Indian Corn Market Stays Firm as Arrivals Dry Up and Monsoon Risks Loom
Indian corn prices stay firm as arrivals slow and feed demand holds. Tight near-term supply, cautious farmer selling and monsoon uncertainty support the market.
Prices
Domestic maize prices in India are assessed as firm, supported by limited arrivals despite the new crop entering the market. Trade feedback from producing regions indicates that offers are not increasing meaningfully, as both farmers and intermediaries resist selling into lower bids.
Internationally, European and Black Sea benchmarks remain relatively low in historical terms but have shown mixed moves in early June. Recent Ukrainian corn offers hover around EUR 0.25–0.27/kg equivalent at key border points, in line with listed offers from Odesa, while Euronext futures are near EUR 0.24–0.25/kg for nearby positions.
Supply & Demand
On the supply side, new crop arrivals in India are drying up faster than usual in key producing regions. Farmers and stockists are avoiding aggressive selling at current price levels, creating a tight pipeline at mandis. Limited spot availability is therefore not the result of poor production alone, but also of deliberate stock holding.
Demand remains solid from poultry and cattle feed manufacturers, as well as starch and other industrial users. This regular offtake is absorbing the limited supplies reaching the market. Recent mandi quotations around INR 2,500–2,900 per 100 kg in western India (approximately EUR 0.28–0.32/kg) confirm that buyers are still willing to pay up to secure volume.
Globally, corn supply is more comfortable, with Black Sea and EU availability adequate and some recent softening in Ukrainian domestic and export prices after a prior rally. However, this easing abroad has not translated into meaningful relief domestically in India, partly due to logistical and policy frictions as well as currency and freight costs.
Fundamentals & Weather
Indian maize fundamentals in the near term are dominated by the interplay between tight spot arrivals and regular consumption. Current tightness is mainly a marketing and timing issue: the crop has arrived, but the flow into mandis is controlled. If arrivals fail to improve over the coming weeks, the domestic balance could tighten further, supporting or even lifting prices.
Weather is emerging as a key medium-term risk. The India Meteorological Department has downgraded its 2026 southwest monsoon forecast to about 90% of the long-period average, signalling a below-normal season. Independent analyses highlight that maize is among the crops most exposed to monsoon shortfalls, with potential yield losses if rainfall distribution is poor and input availability (notably fertiliser) tightens.
Early-season indications suggest that monsoon onset over southern and northeastern India is broadly on track, but June rainfall could be uneven, with heatwaves still present in parts of the northwest.

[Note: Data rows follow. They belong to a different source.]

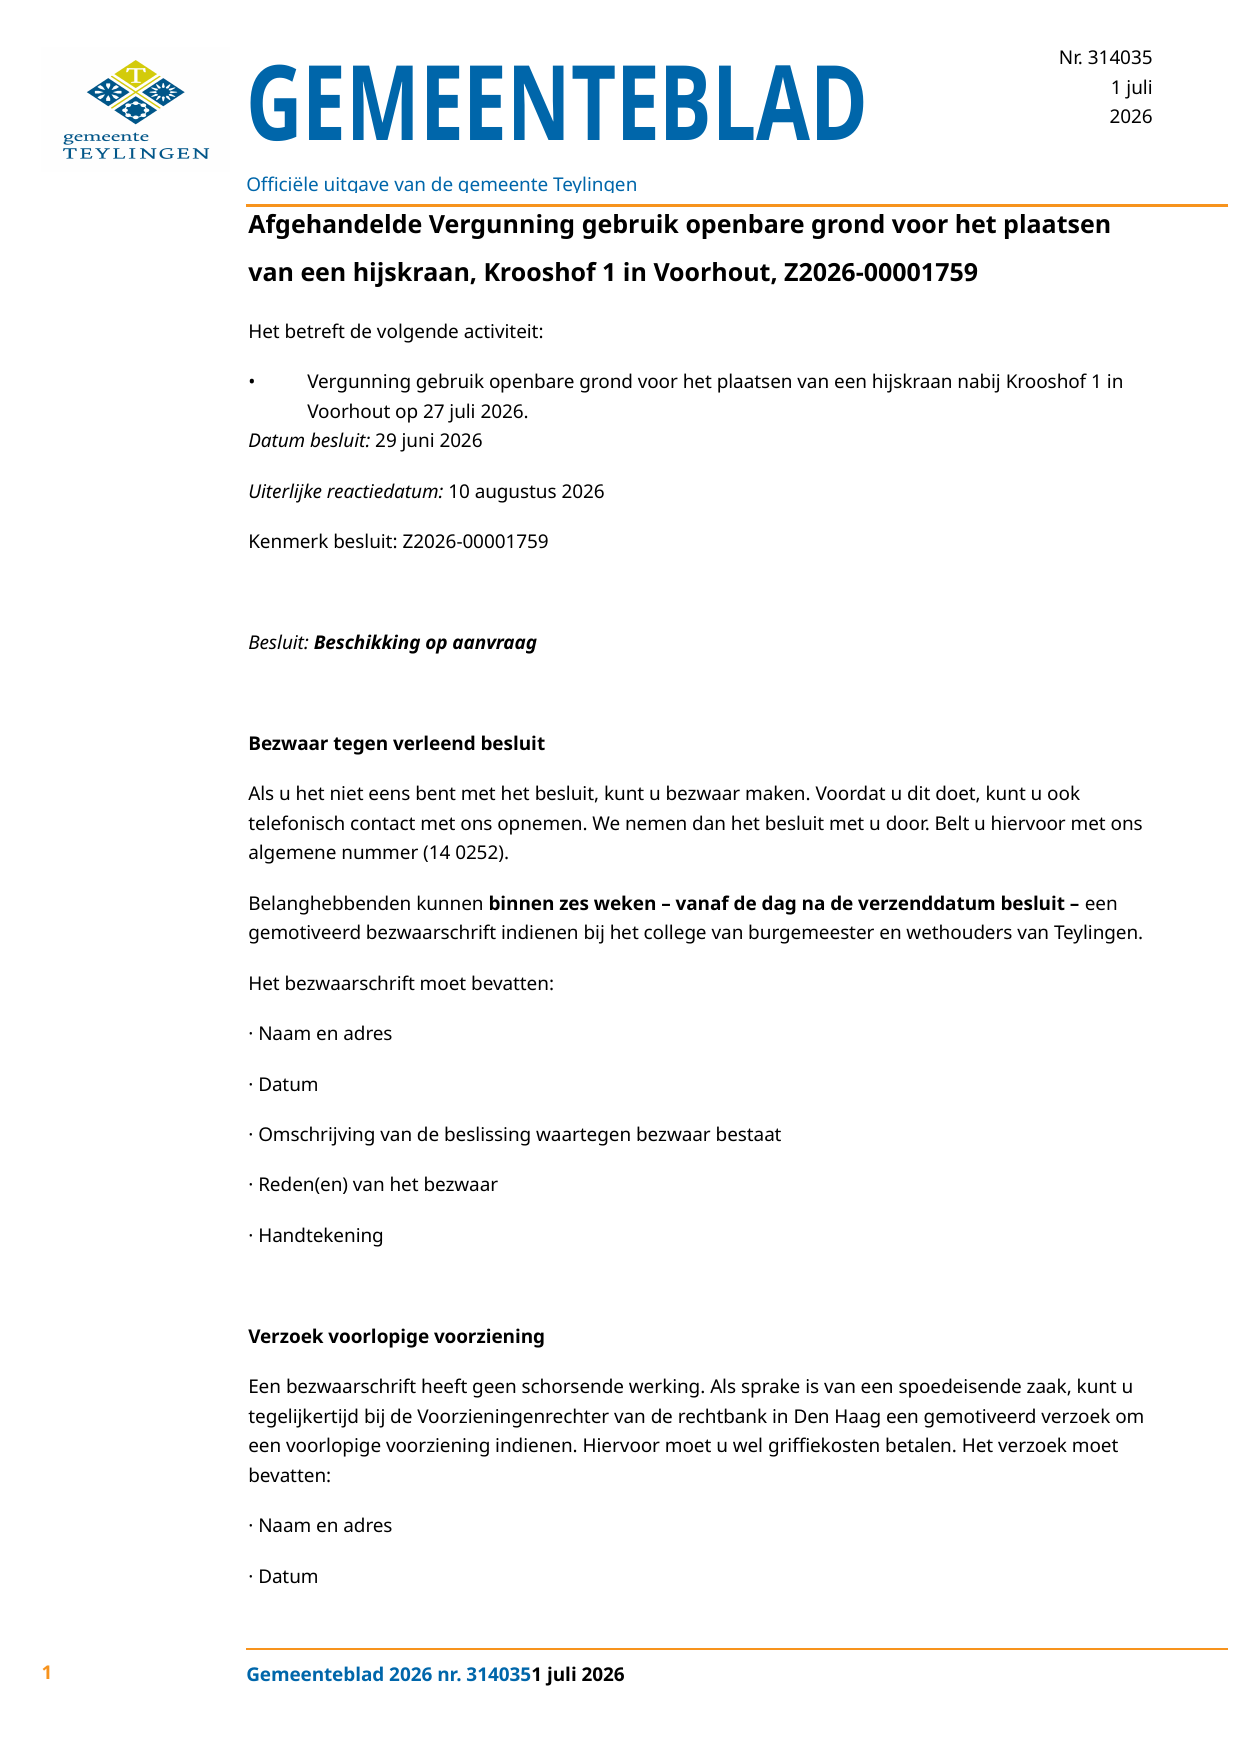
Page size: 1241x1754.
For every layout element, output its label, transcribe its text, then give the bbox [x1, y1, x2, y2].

text Kenmerk besluit: Z2026-00001759 [248, 528, 1152, 554]
text Belanghebbenden kunnen binnen zes weken – vanaf de dag na de verzenddatum besluit – een gemotiveerd bezwaarschrift indienen bij het college van burgemeester en wethouders van Teylingen. [248, 890, 1152, 945]
text · Reden(en) van het bezwaar [248, 1172, 1152, 1197]
picture [41, 47, 231, 172]
text Een bezwaarschrift heeft geen schorsende werking. Als sprake is van een spoedeisende zaak, kunt u tegelijkertijd bij de Voorzieningenrechter van de rechtbank in Den Haag een gemotiveerd verzoek om een voorlopige voorziening indienen. Hiervoor moet u wel griffiekosten betalen. Het verzoek moet bevatten: [248, 1373, 1152, 1488]
text · Naam en adres [248, 1512, 1152, 1538]
text Uiterlijke reactiedatum: 10 augustus 2026 [248, 478, 1152, 504]
text Datum besluit: 29 juni 2026 [248, 427, 1152, 453]
text · Handtekening [248, 1222, 1152, 1248]
text Het bezwaarschrift moet bevatten: [248, 970, 1152, 996]
text Het betreft de volgende activiteit: [248, 318, 1152, 344]
text Als u het niet eens bent met het besluit, kunt u bezwaar maken. Voordat u dit doet, kunt u ook telefonisch contact met ons opnemen. We nemen dan het besluit met u door. Belt u hiervoor met ons algemene nummer (14 0252). [248, 780, 1152, 865]
text · Omschrijving van de beslissing waartegen bezwaar bestaat [248, 1121, 1152, 1147]
text · Naam en adres [248, 1020, 1152, 1046]
text Besluit: Beschikking op aanvraag [248, 629, 1152, 655]
text · Datum [248, 1071, 1152, 1097]
text Verzoek voorlopige voorziening [248, 1323, 1152, 1349]
text Bezwaar tegen verleend besluit [248, 730, 1152, 756]
list Vergunning gebruik openbare grond voor het plaatsen van een hijskraan nabij Krooshof 1 in Voorhout op 27 juli 2026. [248, 368, 1152, 424]
text Afgehandelde Vergunning gebruik openbare grond voor het plaatsen van een hijskraan, Krooshof 1 in Voorhout, Z2026-00001759 [248, 207, 1152, 288]
text · Datum [248, 1563, 1152, 1589]

This pattern may delay sowing decisions in some rainfed maize belts, adding to uncertainty for the 2026/27 supply outlook.
Outlook & Trading Recommendations
In the very near term, Indian corn prices are likely to stay firm, anchored by tight arrivals and steady feed and industrial demand. Any improvement in mandi inflows or a shift in farmer selling behaviour could cap further gains, but for now market participants see limited downside.

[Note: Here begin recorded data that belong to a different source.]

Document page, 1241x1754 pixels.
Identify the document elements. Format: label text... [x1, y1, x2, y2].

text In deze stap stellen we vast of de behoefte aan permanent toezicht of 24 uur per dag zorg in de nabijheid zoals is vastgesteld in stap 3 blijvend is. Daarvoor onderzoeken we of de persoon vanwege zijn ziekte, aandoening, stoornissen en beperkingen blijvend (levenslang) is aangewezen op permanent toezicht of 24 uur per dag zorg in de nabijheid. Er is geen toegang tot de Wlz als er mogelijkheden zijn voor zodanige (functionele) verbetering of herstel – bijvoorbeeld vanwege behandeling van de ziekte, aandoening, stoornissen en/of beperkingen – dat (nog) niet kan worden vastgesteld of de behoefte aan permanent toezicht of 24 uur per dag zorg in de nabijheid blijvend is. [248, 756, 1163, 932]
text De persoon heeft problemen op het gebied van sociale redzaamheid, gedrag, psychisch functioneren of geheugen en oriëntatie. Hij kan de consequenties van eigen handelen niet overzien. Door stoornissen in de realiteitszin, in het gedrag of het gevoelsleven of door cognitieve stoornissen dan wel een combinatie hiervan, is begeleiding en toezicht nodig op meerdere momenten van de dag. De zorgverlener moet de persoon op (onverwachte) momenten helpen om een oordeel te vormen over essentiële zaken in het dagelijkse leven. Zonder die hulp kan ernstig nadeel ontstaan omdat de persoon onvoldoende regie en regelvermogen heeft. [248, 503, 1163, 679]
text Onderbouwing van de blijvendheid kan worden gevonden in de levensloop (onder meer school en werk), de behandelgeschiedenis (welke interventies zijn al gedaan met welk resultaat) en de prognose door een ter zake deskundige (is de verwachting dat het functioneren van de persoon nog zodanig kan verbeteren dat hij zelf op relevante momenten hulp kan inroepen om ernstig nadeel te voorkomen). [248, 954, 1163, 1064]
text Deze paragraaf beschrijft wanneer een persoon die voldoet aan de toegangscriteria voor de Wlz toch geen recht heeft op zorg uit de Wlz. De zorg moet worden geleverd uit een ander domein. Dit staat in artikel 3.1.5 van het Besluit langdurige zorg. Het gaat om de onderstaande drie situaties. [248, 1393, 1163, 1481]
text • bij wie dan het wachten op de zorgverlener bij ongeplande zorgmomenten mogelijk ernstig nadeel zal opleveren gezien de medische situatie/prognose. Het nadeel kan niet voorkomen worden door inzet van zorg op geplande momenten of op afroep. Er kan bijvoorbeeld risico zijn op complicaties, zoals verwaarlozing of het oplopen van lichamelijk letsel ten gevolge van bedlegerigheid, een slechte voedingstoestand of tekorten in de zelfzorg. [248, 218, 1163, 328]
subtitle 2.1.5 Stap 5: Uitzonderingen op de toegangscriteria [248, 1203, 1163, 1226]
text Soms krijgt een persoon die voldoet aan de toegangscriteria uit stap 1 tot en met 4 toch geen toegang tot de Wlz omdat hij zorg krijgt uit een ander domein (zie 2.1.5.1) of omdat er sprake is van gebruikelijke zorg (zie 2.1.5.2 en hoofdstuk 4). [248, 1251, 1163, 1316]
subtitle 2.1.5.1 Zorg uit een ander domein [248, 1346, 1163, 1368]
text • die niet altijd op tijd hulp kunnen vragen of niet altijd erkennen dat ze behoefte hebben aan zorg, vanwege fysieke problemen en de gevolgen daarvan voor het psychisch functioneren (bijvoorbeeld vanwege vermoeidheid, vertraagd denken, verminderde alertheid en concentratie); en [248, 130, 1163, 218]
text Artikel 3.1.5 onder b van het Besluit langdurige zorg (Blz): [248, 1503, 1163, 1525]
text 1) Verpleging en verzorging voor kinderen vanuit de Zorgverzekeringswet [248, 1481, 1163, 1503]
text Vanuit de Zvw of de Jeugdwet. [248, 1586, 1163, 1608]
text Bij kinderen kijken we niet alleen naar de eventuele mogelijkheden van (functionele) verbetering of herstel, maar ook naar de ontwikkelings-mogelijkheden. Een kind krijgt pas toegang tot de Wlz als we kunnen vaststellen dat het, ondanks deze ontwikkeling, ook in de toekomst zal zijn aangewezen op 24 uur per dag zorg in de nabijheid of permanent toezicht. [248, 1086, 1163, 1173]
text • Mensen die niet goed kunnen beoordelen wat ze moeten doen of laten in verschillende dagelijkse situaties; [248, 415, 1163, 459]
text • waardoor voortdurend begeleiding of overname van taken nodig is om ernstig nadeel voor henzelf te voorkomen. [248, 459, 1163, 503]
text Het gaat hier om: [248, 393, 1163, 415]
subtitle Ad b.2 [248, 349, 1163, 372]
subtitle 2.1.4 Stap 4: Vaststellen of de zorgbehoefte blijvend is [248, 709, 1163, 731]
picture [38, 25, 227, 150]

Medium-term direction will hinge on three variables: (1) the pace of arrivals in June–July, (2) the willingness of stockists to release inventory if prices rise further, and (3) the actual progress and spatial distribution of the 2026 southwest monsoon. With a below-normal monsoon forecast and maize identified as particularly vulnerable, weather-driven volatility is a key risk to watch.
Trading outlook (next 2–4 weeks)
- Feed buyers (poultry, cattle): Consider covering a higher share of near-term requirements on dips, given tight arrivals and monsoon risk. Avoid excessive spot exposure in deficit consuming regions.
- Starch and industrial users: Lock in volumes through forward or contract purchases where possible; basis risk from local tightness may outweigh small global price downside.
- Producers and stockists: With a firm undertone and weather uncertainty ahead, a staggered selling strategy appears prudent, scaling up sales if arrivals improve or if prices react to any monsoon-related demand slowdown.
- Importers/Exporters: Monitor Black Sea and EU price moves; recent minor softening in Ukraine could open arbitrage windows, but currency, freight and policy risks must be closely assessed.
3-day regional price indication (directional)
- India (mandi, feed-grade corn, EUR/kg equivalent): EUR 0.28–0.32; bias: sideways to slightly firmer on tight arrivals.
- Black Sea – Ukraine (FOB/Odesa, EUR/kg): around 0.19–0.26; bias: slightly softer/sideways after recent easing.
- EU – France (FOB, EUR/kg): around 0.25–0.27; bias: sideways, tracking Euronext and broader grain complex.